**Instructions for the task**
Each entry below should be returned exactly as is, with the pictures removed.

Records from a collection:

══════════════════════════════

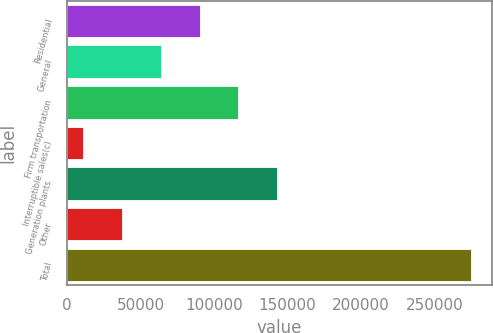Convert chart. <chart><loc_0><loc_0><loc_500><loc_500><bar_chart><fcel>Residential<fcel>General<fcel>Firm transportation<fcel>Interruptible sales(c)<fcel>Generation plants<fcel>Other<fcel>Total<nl><fcel>90162.1<fcel>63741.4<fcel>116583<fcel>10900<fcel>143004<fcel>37320.7<fcel>275107<nl></chart> 
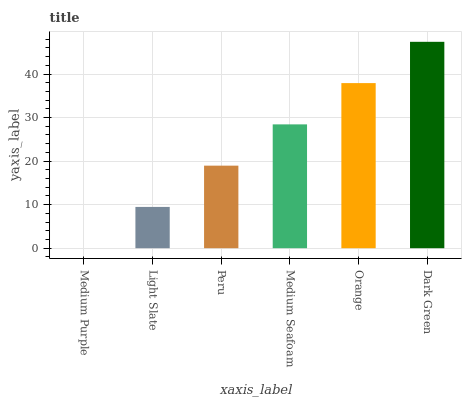Is Medium Purple the minimum?
Answer yes or no. Yes. Is Dark Green the maximum?
Answer yes or no. Yes. Is Light Slate the minimum?
Answer yes or no. No. Is Light Slate the maximum?
Answer yes or no. No. Is Light Slate greater than Medium Purple?
Answer yes or no. Yes. Is Medium Purple less than Light Slate?
Answer yes or no. Yes. Is Medium Purple greater than Light Slate?
Answer yes or no. No. Is Light Slate less than Medium Purple?
Answer yes or no. No. Is Medium Seafoam the high median?
Answer yes or no. Yes. Is Peru the low median?
Answer yes or no. Yes. Is Dark Green the high median?
Answer yes or no. No. Is Medium Seafoam the low median?
Answer yes or no. No. 
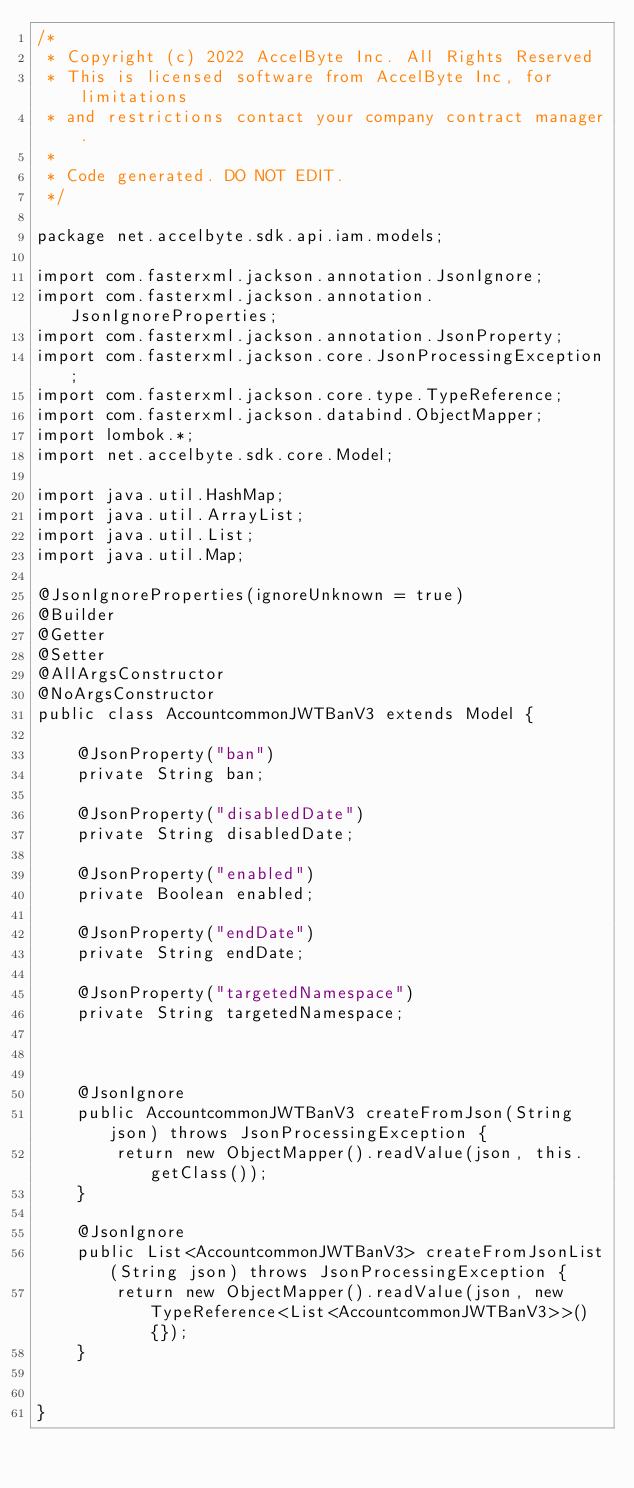Convert code to text. <code><loc_0><loc_0><loc_500><loc_500><_Java_>/*
 * Copyright (c) 2022 AccelByte Inc. All Rights Reserved
 * This is licensed software from AccelByte Inc, for limitations
 * and restrictions contact your company contract manager.
 *
 * Code generated. DO NOT EDIT.
 */

package net.accelbyte.sdk.api.iam.models;

import com.fasterxml.jackson.annotation.JsonIgnore;
import com.fasterxml.jackson.annotation.JsonIgnoreProperties;
import com.fasterxml.jackson.annotation.JsonProperty;
import com.fasterxml.jackson.core.JsonProcessingException;
import com.fasterxml.jackson.core.type.TypeReference;
import com.fasterxml.jackson.databind.ObjectMapper;
import lombok.*;
import net.accelbyte.sdk.core.Model;

import java.util.HashMap;
import java.util.ArrayList;
import java.util.List;
import java.util.Map;

@JsonIgnoreProperties(ignoreUnknown = true)
@Builder
@Getter
@Setter
@AllArgsConstructor
@NoArgsConstructor
public class AccountcommonJWTBanV3 extends Model {

    @JsonProperty("ban")
    private String ban;

    @JsonProperty("disabledDate")
    private String disabledDate;

    @JsonProperty("enabled")
    private Boolean enabled;

    @JsonProperty("endDate")
    private String endDate;

    @JsonProperty("targetedNamespace")
    private String targetedNamespace;



    @JsonIgnore
    public AccountcommonJWTBanV3 createFromJson(String json) throws JsonProcessingException {
        return new ObjectMapper().readValue(json, this.getClass());
    }

    @JsonIgnore
    public List<AccountcommonJWTBanV3> createFromJsonList(String json) throws JsonProcessingException {
        return new ObjectMapper().readValue(json, new TypeReference<List<AccountcommonJWTBanV3>>() {});
    }

    
}</code> 
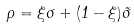<formula> <loc_0><loc_0><loc_500><loc_500>\rho = \xi \sigma + ( 1 - \xi ) \tilde { \sigma }</formula> 
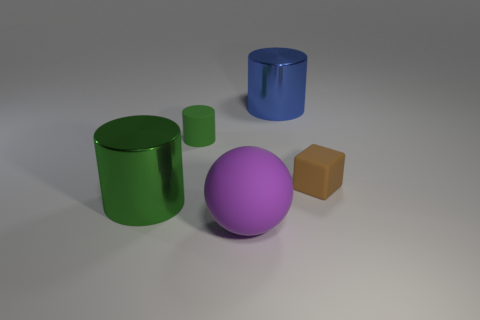Is there any other thing that has the same size as the purple object?
Offer a very short reply. Yes. How big is the blue thing?
Keep it short and to the point. Large. Are there fewer rubber balls that are right of the rubber cube than small green rubber cylinders?
Your response must be concise. Yes. How many cylinders have the same size as the rubber cube?
Your answer should be very brief. 1. The large thing that is the same color as the tiny rubber cylinder is what shape?
Provide a succinct answer. Cylinder. Does the big shiny cylinder that is in front of the tiny cylinder have the same color as the tiny thing behind the matte block?
Offer a very short reply. Yes. There is a large blue shiny thing; how many tiny matte cubes are in front of it?
Offer a terse response. 1. There is a shiny cylinder that is the same color as the small matte cylinder; what is its size?
Provide a succinct answer. Large. Are there any other green things that have the same shape as the small green object?
Your answer should be compact. Yes. There is a rubber cylinder that is the same size as the brown rubber cube; what is its color?
Provide a short and direct response. Green. 
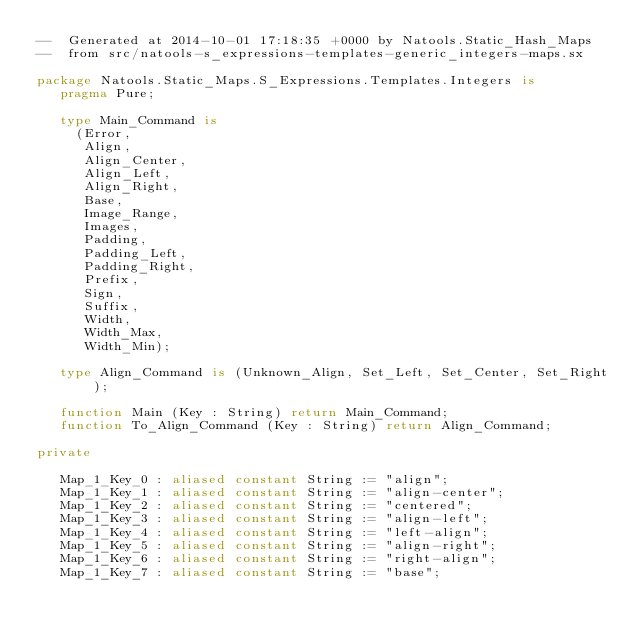Convert code to text. <code><loc_0><loc_0><loc_500><loc_500><_Ada_>--  Generated at 2014-10-01 17:18:35 +0000 by Natools.Static_Hash_Maps
--  from src/natools-s_expressions-templates-generic_integers-maps.sx

package Natools.Static_Maps.S_Expressions.Templates.Integers is
   pragma Pure;

   type Main_Command is
     (Error,
      Align,
      Align_Center,
      Align_Left,
      Align_Right,
      Base,
      Image_Range,
      Images,
      Padding,
      Padding_Left,
      Padding_Right,
      Prefix,
      Sign,
      Suffix,
      Width,
      Width_Max,
      Width_Min);

   type Align_Command is (Unknown_Align, Set_Left, Set_Center, Set_Right);

   function Main (Key : String) return Main_Command;
   function To_Align_Command (Key : String) return Align_Command;

private

   Map_1_Key_0 : aliased constant String := "align";
   Map_1_Key_1 : aliased constant String := "align-center";
   Map_1_Key_2 : aliased constant String := "centered";
   Map_1_Key_3 : aliased constant String := "align-left";
   Map_1_Key_4 : aliased constant String := "left-align";
   Map_1_Key_5 : aliased constant String := "align-right";
   Map_1_Key_6 : aliased constant String := "right-align";
   Map_1_Key_7 : aliased constant String := "base";</code> 
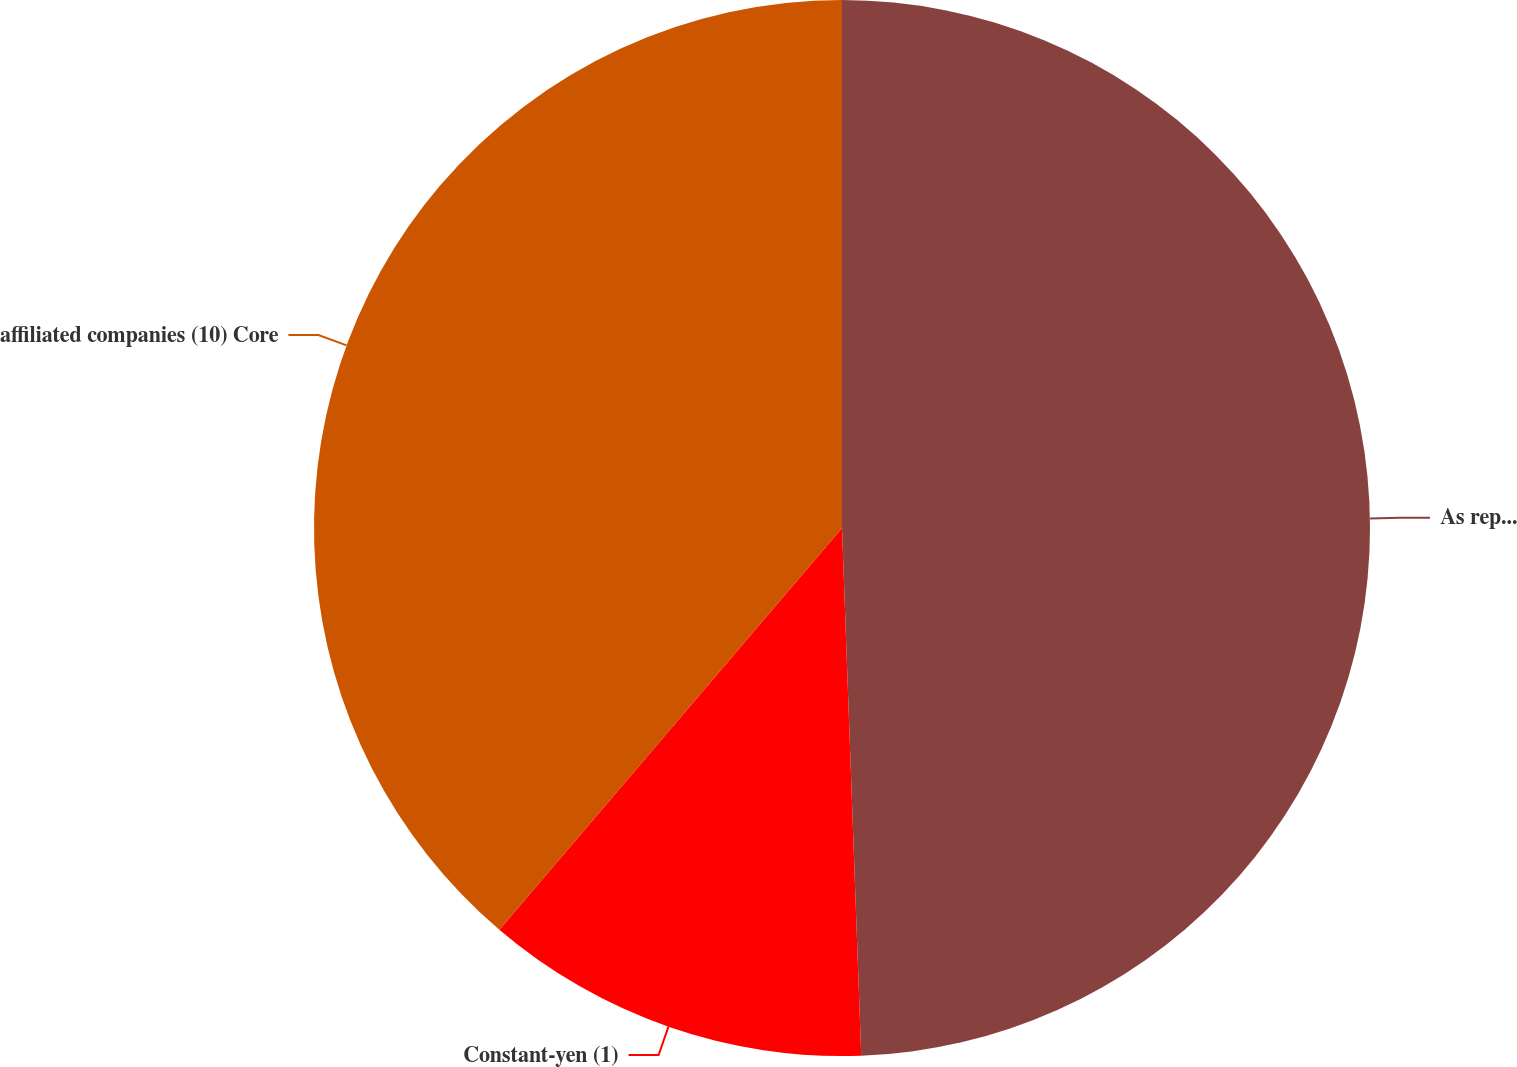<chart> <loc_0><loc_0><loc_500><loc_500><pie_chart><fcel>As reported<fcel>Constant-yen (1)<fcel>affiliated companies (10) Core<nl><fcel>49.42%<fcel>11.82%<fcel>38.76%<nl></chart>

══════════════════════════════

**Reply to the exercise**
Convert chart. <chart><loc_0><loc_0><loc_500><loc_500><bar_chart><fcel>Residential<fcel>General<fcel>Firm transportation<fcel>Interruptible sales(c)<fcel>Generation plants<fcel>Other<fcel>Total<nl><fcel>90162.1<fcel>63741.4<fcel>116583<fcel>10900<fcel>143004<fcel>37320.7<fcel>275107<nl></chart> 
Is Medium Purple the minimum?
Answer yes or no. Yes. Is Dark Green the maximum?
Answer yes or no. Yes. Is Light Slate the minimum?
Answer yes or no. No. Is Light Slate the maximum?
Answer yes or no. No. Is Light Slate greater than Medium Purple?
Answer yes or no. Yes. Is Medium Purple less than Light Slate?
Answer yes or no. Yes. Is Medium Purple greater than Light Slate?
Answer yes or no. No. Is Light Slate less than Medium Purple?
Answer yes or no. No. Is Medium Seafoam the high median?
Answer yes or no. Yes. Is Peru the low median?
Answer yes or no. Yes. Is Dark Green the high median?
Answer yes or no. No. Is Medium Seafoam the low median?
Answer yes or no. No. 
Convert code to text. <code><loc_0><loc_0><loc_500><loc_500><_Java_>/*
 * Copyright (c) 2022 AccelByte Inc. All Rights Reserved
 * This is licensed software from AccelByte Inc, for limitations
 * and restrictions contact your company contract manager.
 *
 * Code generated. DO NOT EDIT.
 */

package net.accelbyte.sdk.api.iam.models;

import com.fasterxml.jackson.annotation.JsonIgnore;
import com.fasterxml.jackson.annotation.JsonIgnoreProperties;
import com.fasterxml.jackson.annotation.JsonProperty;
import com.fasterxml.jackson.core.JsonProcessingException;
import com.fasterxml.jackson.core.type.TypeReference;
import com.fasterxml.jackson.databind.ObjectMapper;
import lombok.*;
import net.accelbyte.sdk.core.Model;

import java.util.HashMap;
import java.util.ArrayList;
import java.util.List;
import java.util.Map;

@JsonIgnoreProperties(ignoreUnknown = true)
@Builder
@Getter
@Setter
@AllArgsConstructor
@NoArgsConstructor
public class AccountcommonJWTBanV3 extends Model {

    @JsonProperty("ban")
    private String ban;

    @JsonProperty("disabledDate")
    private String disabledDate;

    @JsonProperty("enabled")
    private Boolean enabled;

    @JsonProperty("endDate")
    private String endDate;

    @JsonProperty("targetedNamespace")
    private String targetedNamespace;



    @JsonIgnore
    public AccountcommonJWTBanV3 createFromJson(String json) throws JsonProcessingException {
        return new ObjectMapper().readValue(json, this.getClass());
    }

    @JsonIgnore
    public List<AccountcommonJWTBanV3> createFromJsonList(String json) throws JsonProcessingException {
        return new ObjectMapper().readValue(json, new TypeReference<List<AccountcommonJWTBanV3>>() {});
    }

    
}</code> 
<formula> <loc_0><loc_0><loc_500><loc_500>\rho = \xi \sigma + ( 1 - \xi ) \tilde { \sigma }</formula> 
Is there any other thing that has the same size as the purple object?
Offer a very short reply. Yes. How big is the blue thing?
Keep it short and to the point. Large. Are there fewer rubber balls that are right of the rubber cube than small green rubber cylinders?
Your response must be concise. Yes. How many cylinders have the same size as the rubber cube?
Your answer should be very brief. 1. The large thing that is the same color as the tiny rubber cylinder is what shape?
Provide a succinct answer. Cylinder. Does the big shiny cylinder that is in front of the tiny cylinder have the same color as the tiny thing behind the matte block?
Offer a very short reply. Yes. There is a large blue shiny thing; how many tiny matte cubes are in front of it?
Offer a terse response. 1. There is a shiny cylinder that is the same color as the small matte cylinder; what is its size?
Provide a succinct answer. Large. Are there any other green things that have the same shape as the small green object?
Your answer should be compact. Yes. There is a rubber cylinder that is the same size as the brown rubber cube; what is its color?
Provide a short and direct response. Green. 
Convert code to text. <code><loc_0><loc_0><loc_500><loc_500><_Ada_>--  Generated at 2014-10-01 17:18:35 +0000 by Natools.Static_Hash_Maps
--  from src/natools-s_expressions-templates-generic_integers-maps.sx

package Natools.Static_Maps.S_Expressions.Templates.Integers is
   pragma Pure;

   type Main_Command is
     (Error,
      Align,
      Align_Center,
      Align_Left,
      Align_Right,
      Base,
      Image_Range,
      Images,
      Padding,
      Padding_Left,
      Padding_Right,
      Prefix,
      Sign,
      Suffix,
      Width,
      Width_Max,
      Width_Min);

   type Align_Command is (Unknown_Align, Set_Left, Set_Center, Set_Right);

   function Main (Key : String) return Main_Command;
   function To_Align_Command (Key : String) return Align_Command;

private

   Map_1_Key_0 : aliased constant String := "align";
   Map_1_Key_1 : aliased constant String := "align-center";
   Map_1_Key_2 : aliased constant String := "centered";
   Map_1_Key_3 : aliased constant String := "align-left";
   Map_1_Key_4 : aliased constant String := "left-align";
   Map_1_Key_5 : aliased constant String := "align-right";
   Map_1_Key_6 : aliased constant String := "right-align";
   Map_1_Key_7 : aliased constant String := "base";</code> 
<chart> <loc_0><loc_0><loc_500><loc_500><pie_chart><fcel>As reported<fcel>Constant-yen (1)<fcel>affiliated companies (10) Core<nl><fcel>49.42%<fcel>11.82%<fcel>38.76%<nl></chart>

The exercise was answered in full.